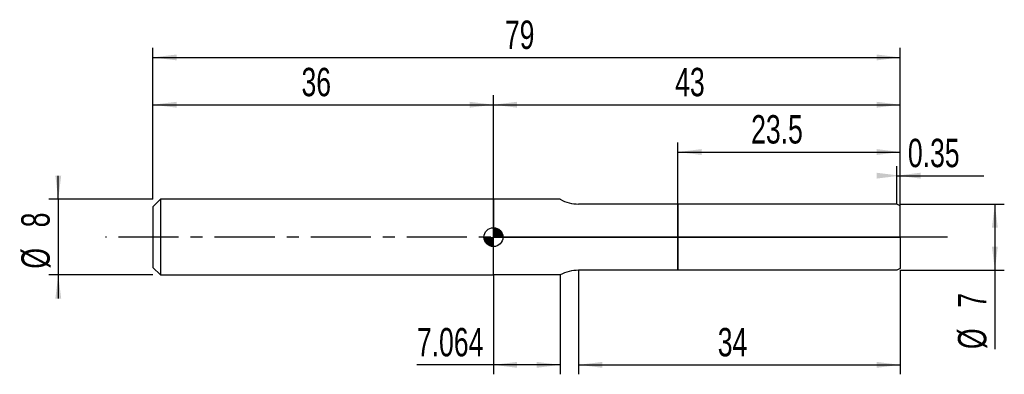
# Model space of a CAD drawing. Extents: x -14 to 90, y -14 to 23.
import ezdxf
from ezdxf.enums import TextEntityAlignment as Align

# ---------------------------------------------------------------- set-up
doc = ezdxf.new("R2010")
doc.units = 0
doc.linetypes.add('CENTER', pattern=[10.16, 6.35, -1.27, 1.27, -1.27])
doc.layers.get('0').update_dxf_attribs({"linetype": 'CONTINUOUS'})
for name, color, linetype in [('1', 4, 'CONTINUOUS'), ('2', 7, 'CONTINUOUS'), ('4', 2, 'CENTER'), ('CUT', 1, 'CONTINUOUS'), ('NOCUT', 7, 'CONTINUOUS'), ('SK1', 4, 'CONTINUOUS'), ('SK2', 7, 'CONTINUOUS'), ('SK4', 2, 'CENTER')]:
    doc.layers.add(name, color=color, linetype=linetype)
doc.dimstyles.new('SLDDIMSTYLE0', dxfattribs={"dimtxt": 3, "dimasz": 2.5, "dimexe": 0, "dimexo": 0.0625, "dimgap": 0.75, "dimtad": 1, "dimrnd": 1e-09, "dimzin": 12, "dimsah": 1, "dimcen": 0.09, "dimazin": 3, "dimtfac": 1, "dimtofl": 0, "dimtmove": 0, "dimatfit": 3})
doc.dimstyles.new('SLDDIMSTYLE1', dxfattribs={"dimtxt": 3, "dimasz": 2.5, "dimexe": 0, "dimexo": 0.0625, "dimgap": 0.75, "dimtad": 1, "dimrnd": 1e-09, "dimsah": 1, "dimcen": 0.09, "dimazin": 3, "dimtfac": 1, "dimtofl": 0, "dimtmove": 0, "dimatfit": 3})
doc.dimstyles.new('SLDDIMSTYLE2', dxfattribs={"dimtxt": 3, "dimasz": 2.5, "dimexe": 0, "dimexo": 0.0625, "dimgap": 0.75, "dimtad": 1, "dimrnd": 1e-09, "dimzin": 12, "dimsah": 1, "dimcen": 0.09, "dimazin": 3, "dimtfac": 1, "dimtmove": 0, "dimatfit": 3})

# ---------------------------------------------------------------- blocks, each defined once
blk = doc.blocks.new('_D')
at = {"layer": '2'}
for p, q in [((45, -3.5), (45, -14.5)), ((79, -3.5), (79, -14.5)), ((45, -13.5), (79, -13.5))]:
    blk.add_line(p, q, dxfattribs=at)
for points in [[(45, -13.5), (47.5, -13.81), (47.5, -13.19)], [(79, -13.5), (76.5, -13.19), (76.5, -13.81)]]:
    blk.add_solid(points, dxfattribs=at)
at = {"layer": '2', "width": 0.7}
blk.add_text('34', height=3, dxfattribs=at).set_placement((59.71, -13.5), align=Align.BOTTOM_LEFT)
blk = doc.blocks.new('_D_1')
at = {"layer": '2'}
for p, q in [((79, 3.5), (90, 3.5)), ((89, 3.5), (89, -3.5)), ((79, -3.5), (90, -3.5)), ((89, -3.5), (89, -11.83))]:
    blk.add_line(p, q, dxfattribs=at)
for points in [[(89, 3.5), (88.69, 1), (89.31, 1)], [(89, -3.5), (89.31, -1), (88.69, -1)]]:
    blk.add_solid(points, dxfattribs=at)
at = {"layer": '2', "width": 0.7}
for s, p in [('7', (88.99, -7.46)), ('%%c', (89, -11.83))]:
    blk.add_text(s, height=3, rotation=90, dxfattribs=at).set_placement(p, align=Align.BOTTOM_LEFT)
blk = doc.blocks.new('_D_2')
at = {"layer": '2'}
for p, q in [((36, -4), (36, -14.5)), ((43.06, -4), (43.06, -14.5)), ((36, -13.5), (27.91, -13.5)), ((43.06, -13.5), (36, -13.5))]:
    blk.add_line(p, q, dxfattribs=at)
for points in [[(36, -13.5), (38.5, -13.81), (38.5, -13.19)], [(43.06, -13.5), (40.56, -13.19), (40.56, -13.81)]]:
    blk.add_solid(points, dxfattribs=at)
at = {"layer": '2', "width": 0.7}
blk.add_text('7.064', height=3, dxfattribs=at).set_placement((27.91, -13.5), align=Align.BOTTOM_LEFT)
blk = doc.blocks.new('_D_3')
at = {"layer": '2'}
for p, q in [((55.5, 3.5), (55.5, 10)), ((79, 3.5), (79, 10)), ((55.5, 9), (79, 9))]:
    blk.add_line(p, q, dxfattribs=at)
for points in [[(55.5, 9), (58, 8.69), (58, 9.31)], [(79, 9), (76.5, 9.31), (76.5, 8.69)]]:
    blk.add_solid(points, dxfattribs=at)
at = {"layer": '2', "width": 0.7}
blk.add_text('23.5', height=3, dxfattribs=at).set_placement((63.24, 9), align=Align.BOTTOM_LEFT)
blk = doc.blocks.new('_D_4')
at = {"layer": '2'}
for p, q in [((78.65, 3.5), (78.65, 7.5)), ((79, 3.5), (79, 7.5)), ((78.65, 6.5), (79, 6.5)), ((79, 6.5), (87.84, 6.5))]:
    blk.add_line(p, q, dxfattribs=at)
for points in [[(79, 6.5), (76.5, 6.81), (76.5, 6.19)], [(78.65, 6.5), (81.15, 6.19), (81.15, 6.81)]]:
    blk.add_solid(points, dxfattribs=at)
at = {"layer": '2', "width": 0.7}
blk.add_text('0.35', height=3, dxfattribs=at).set_placement((79.81, 6.5), align=Align.BOTTOM_LEFT)
blk = doc.blocks.new('_D_5')
at = {"layer": 'SK2'}
for p, q in [((0, 4), (0, 20)), ((79, 4), (79, 20)), ((0, 19), (79, 19))]:
    blk.add_line(p, q, dxfattribs=at)
for points in [[(0, 19), (2.5, 18.69), (2.5, 19.31)], [(79, 19), (76.5, 19.31), (76.5, 18.69)]]:
    blk.add_solid(points, dxfattribs=at)
at = {"layer": 'SK2', "width": 0.7}
blk.add_text('79', height=3, dxfattribs=at).set_placement((37.21, 19), align=Align.BOTTOM_LEFT)
blk = doc.blocks.new('_D_6')
at = {"layer": 'SK2'}
for p, q in [((0, 4), (0, 15)), ((36, 4), (36, 15)), ((0, 14), (36, 14))]:
    blk.add_line(p, q, dxfattribs=at)
for points in [[(0, 14), (2.5, 13.69), (2.5, 14.31)], [(36, 14), (33.5, 14.31), (33.5, 13.69)]]:
    blk.add_solid(points, dxfattribs=at)
at = {"layer": 'SK2', "width": 0.7}
blk.add_text('36', height=3, dxfattribs=at).set_placement((15.71, 14), align=Align.BOTTOM_LEFT)
blk = doc.blocks.new('_D_7')
at = {"layer": 'SK2'}
for p, q in [((36, 0), (36, 15)), ((79, 0), (79, 15)), ((36, 14), (79, 14))]:
    blk.add_line(p, q, dxfattribs=at)
for points in [[(36, 14), (38.5, 13.69), (38.5, 14.31)], [(79, 14), (76.5, 14.31), (76.5, 13.69)]]:
    blk.add_solid(points, dxfattribs=at)
at = {"layer": 'SK2', "width": 0.7}
blk.add_text('43', height=3, dxfattribs=at).set_placement((55.21, 14), align=Align.BOTTOM_LEFT)
blk = doc.blocks.new('_D_8')
at = {"layer": 'SK2'}
for p, q in [((-10, 4), (-10, 6.5)), ((0, 4), (-11, 4)), ((-10, 4), (-10, -4)), ((0, -4), (-11, -4)), ((-10, -4), (-10, -6.5))]:
    blk.add_line(p, q, dxfattribs=at)
for points in [[(-10, 4), (-9.69, 6.5), (-10.31, 6.5)], [(-10, -4), (-10.31, -6.5), (-9.69, -6.5)]]:
    blk.add_solid(points, dxfattribs=at)
at = {"layer": 'SK2', "width": 0.7}
for s, p in [('8', (-10.01, 1.04)), ('%%c', (-10, -3.33))]:
    blk.add_text(s, height=3, rotation=90, dxfattribs=at).set_placement(p, align=Align.BOTTOM_LEFT)
blk = doc.blocks.new('*U11')
at = {"color": 0, "linetype": 'CONTINUOUS'}
for points in [[(0, 0), (0, 1), (0.2, 0)], [(0.2, 0), (0, 1), (0.2, 0.98)], [(0.2, 0), (0.2, 0.98), (0.38, 0)], [(0.38, 0), (0.2, 0.98), (0.38, 0.92)], [(0.38, 0), (0.38, 0.92), (0.56, 0)], [(0.56, 0), (0.38, 0.92), (0.56, 0.83)], [(0.56, 0), (0.56, 0.83), (0.71, 0)], [(0.71, 0), (0.56, 0.83), (0.71, 0.71)], [(0.71, 0), (0.71, 0.71), (0.83, 0)], [(0.83, 0), (0.71, 0.71), (0.83, 0.56)], [(0.83, 0), (0.83, 0.56), (0.92, 0)], [(0.92, 0), (0.83, 0.56), (0.92, 0.38)], [(0.92, 0), (0.92, 0.38), (0.98, 0)], [(0.98, 0), (0.92, 0.38), (0.98, 0.2)], [(0.98, 0), (0.98, 0.2), (1, 0)]]:
    blk.add_solid(points, dxfattribs=at)
blk = doc.blocks.new('*U12')
at = {"color": 0, "linetype": 'CONTINUOUS'}
for points in [[(-0.98, -0.17), (-1, 0), (-0.98, 0)], [(-0.98, -0.17), (-0.98, 0), (-0.94, -0.34)], [(-0.94, -0.34), (-0.98, 0), (-0.94, 0)], [(-0.94, -0.34), (-0.94, 0), (-0.87, -0.5)], [(-0.87, -0.5), (-0.94, 0), (-0.87, 0)], [(-0.87, -0.5), (-0.87, 0), (-0.77, -0.64)], [(-0.77, -0.64), (-0.87, 0), (-0.77, 0)], [(-0.77, -0.64), (-0.77, 0), (-0.64, -0.77)], [(-0.64, -0.77), (-0.77, 0), (-0.64, 0)], [(-0.64, -0.77), (-0.64, 0), (-0.5, -0.87)], [(-0.5, -0.87), (-0.64, 0), (-0.5, 0)], [(-0.5, -0.87), (-0.5, 0), (-0.34, -0.94)], [(-0.34, -0.94), (-0.5, 0), (-0.34, 0)], [(-0.34, -0.94), (-0.34, 0), (-0.17, -0.98)], [(-0.17, -0.98), (-0.34, 0), (-0.17, 0)], [(-0.17, -0.98), (-0.17, 0), (0, -1)], [(0, -1), (-0.17, 0), (0, 0)]]:
    blk.add_solid(points, dxfattribs=at)
blk = doc.blocks.new('SW_DOWELSYMBOL_0')
at = {"layer": 'SK1', "color": 0}
blk.add_circle((0, 0), 1, dxfattribs=at)
at = {"color": 0, "linetype": 'CONTINUOUS'}
for name in ['*U12', '*U11']:
    blk.add_blockref(name, (0, 0), dxfattribs=at)

msp = doc.modelspace()

# ---------------------------------------------------------------- linework, layer by layer
at = {"layer": '1'}
for p, q in [((43.064, 4), (36, 4)), ((36, 4), (36, 0)), ((55.5, 3.5), (45, 3.5)), ((78.65, 3.5), (55.5, 3.5)), ((55.5, 3.5), (55.5, 0)), ((55.5, 0), (55.5, 3.5)), ((79, 3.298), (78.65, 3.5)), ((79, 0), (79, 3.298)), ((36, -4), (36, 0)), ((55.5, -3.5), (55.5, 0)), ((55.5, 0), (55.5, -3.5)), ((79, 0), (79, -3.298)), ((43.064, -4), (36, -4)), ((55.5, -3.5), (45, -3.5)), ((78.65, -3.5), (55.5, -3.5)), ((79, -3.298), (78.65, -3.5))]:
    msp.add_line(p, q, dxfattribs=at)
for centre, start, end in [((45, 7.5), 241.04498, 270), ((45, -7.5), 90, 118.95502)]:
    msp.add_arc(centre, 4, start, end, dxfattribs=at)
at = {"layer": '4'}
msp.add_line((79, 0), (36, 0), dxfattribs=at)
at = {"layer": 'CUT'}
for p, q in [((78.65, 3.5), (55.5, 3.5)), ((55.5, 3.5), (55.5, 0)), ((79, 3.298), (78.65, 3.5)), ((79, 0), (79, 3.298)), ((55.5, 0), (79, 0))]:
    msp.add_line(p, q, dxfattribs=at)
at = {"layer": 'NOCUT'}
for p, q in [((43.064, 4), (36, 4)), ((36, 4), (36, 0)), ((55.5, 3.5), (45, 3.5)), ((55.5, 0), (55.5, 3.5)), ((36, 0), (55.5, 0))]:
    msp.add_line(p, q, dxfattribs=at)
msp.add_arc((45, 7.5), 4, 241.04498, 270, dxfattribs=at)
at = {"layer": 'SK1'}
for p, q in [((0.8, 4), (0, 3.2)), ((0, 3.2), (0, 0)), ((36, 4), (0.8, 4)), ((0.8, 4), (0.8, -4)), ((0, 0), (0, -3.2)), ((0, -3.2), (0.8, -4)), ((0.8, -4), (36, -4))]:
    msp.add_line(p, q, dxfattribs=at)
msp.add_circle((36, 0), 1, dxfattribs=at)
at = {"layer": 'SK4'}
msp.add_line((84, 0), (-5, 0), dxfattribs=at)

# ---------------------------------------------------------------- block references
at = {"layer": 'SK1'}
msp.add_blockref('SW_DOWELSYMBOL_0', (36, 0), dxfattribs=at)

# ---------------------------------------------------------------- texts
at = {"layer": 'SK2', "width": 0.7}
msp.add_text('AP1', height=0.05, dxfattribs=at).set_placement((36, -0.018), align=Align.BOTTOM_LEFT)

# ---------------------------------------------------------------- dimensions: what is measured, and where the dimension line sits
at = {"layer": '2'}
for base, p1, p2, dimstyle, picture, middle in [((79, 9), (55.5, 3.5), (79, 3.5), 'SLDDIMSTYLE0', '_D_3', (67.25, 9)), ((79, 6.5), (78.65, 3.5), (79, 3.5), 'SLDDIMSTYLE1', '_D_4', (83.825, 6.5)), ((36, -13.5), (43.064, -4), (36, -4), 'SLDDIMSTYLE0', '_D_2', (33.064, -13.5)), ((79, -13.5), (45, -3.5), (79, -3.5), 'SLDDIMSTYLE0', '_D', (62, -13.5))]:
    dim = msp.add_linear_dim(base=base, p1=p1, p2=p2, dimstyle=dimstyle, dxfattribs=at)
    dim.commit()
    dim.dimension.update_dxf_attribs({"geometry": picture, "text_midpoint": middle, "dimtype": 160})
dim = msp.add_linear_dim(base=(89, -3.5), p1=(79, 3.5), p2=(79, -3.5), angle=90, text='%%c<>', dimstyle='SLDDIMSTYLE0', dxfattribs=at)
dim.commit()
dim.dimension.update_dxf_attribs({"geometry": '_D_1', "text_midpoint": (89, -8.5), "dimtype": 160})
at = {"layer": 'SK2'}
for base, p1, p2, picture, middle in [((79, 19), (0, 4), (79, 4), '_D_5', (39.5, 19)), ((36, 14), (0, 4), (36, 4), '_D_6', (18, 14)), ((79, 14), (36, 0), (79, 0), '_D_7', (57.5, 14))]:
    dim = msp.add_linear_dim(base=base, p1=p1, p2=p2, dimstyle='SLDDIMSTYLE0', dxfattribs=at)
    dim.commit()
    dim.dimension.update_dxf_attribs({"geometry": picture, "text_midpoint": middle, "dimtype": 160})
dim = msp.add_linear_dim(base=(-10, -4), p1=(0, 4), p2=(0, -4), angle=90, text='%%c<>', dimstyle='SLDDIMSTYLE2', dxfattribs=at)
dim.commit()
dim.dimension.update_dxf_attribs({"geometry": '_D_8', "text_midpoint": (-10, 0), "dimtype": 160})

doc.saveas('drawing.dxf')

· · ·

**What the task requires**
Beginning with the first line of the records above, extract each line exactly through the line that holds "for name, color, linetype", both ends included. Omit pictures.

**Expected output**
# Model space of a CAD drawing. Extents: x -14 to 90, y -14 to 23.
import ezdxf
from ezdxf.enums import TextEntityAlignment as Align

# ---------------------------------------------------------------- set-up
doc = ezdxf.new("R2010")
doc.units = 0
doc.linetypes.add('CENTER', pattern=[10.16, 6.35, -1.27, 1.27, -1.27])
doc.layers.get('0').update_dxf_attribs({"linetype": 'CONTINUOUS'})
for name, color, linetype in [('1', 4, 'CONTINUOUS'), ('2', 7, 'CONTINUOUS'), ('4', 2, 'CENTER'), ('CUT', 1, 'CONTINUOUS'), ('NOCUT', 7, 'CONTINUOUS'), ('SK1', 4, 'CONTINUOUS'), ('SK2', 7, 'CONTINUOUS'), ('SK4', 2, 'CENTER')]:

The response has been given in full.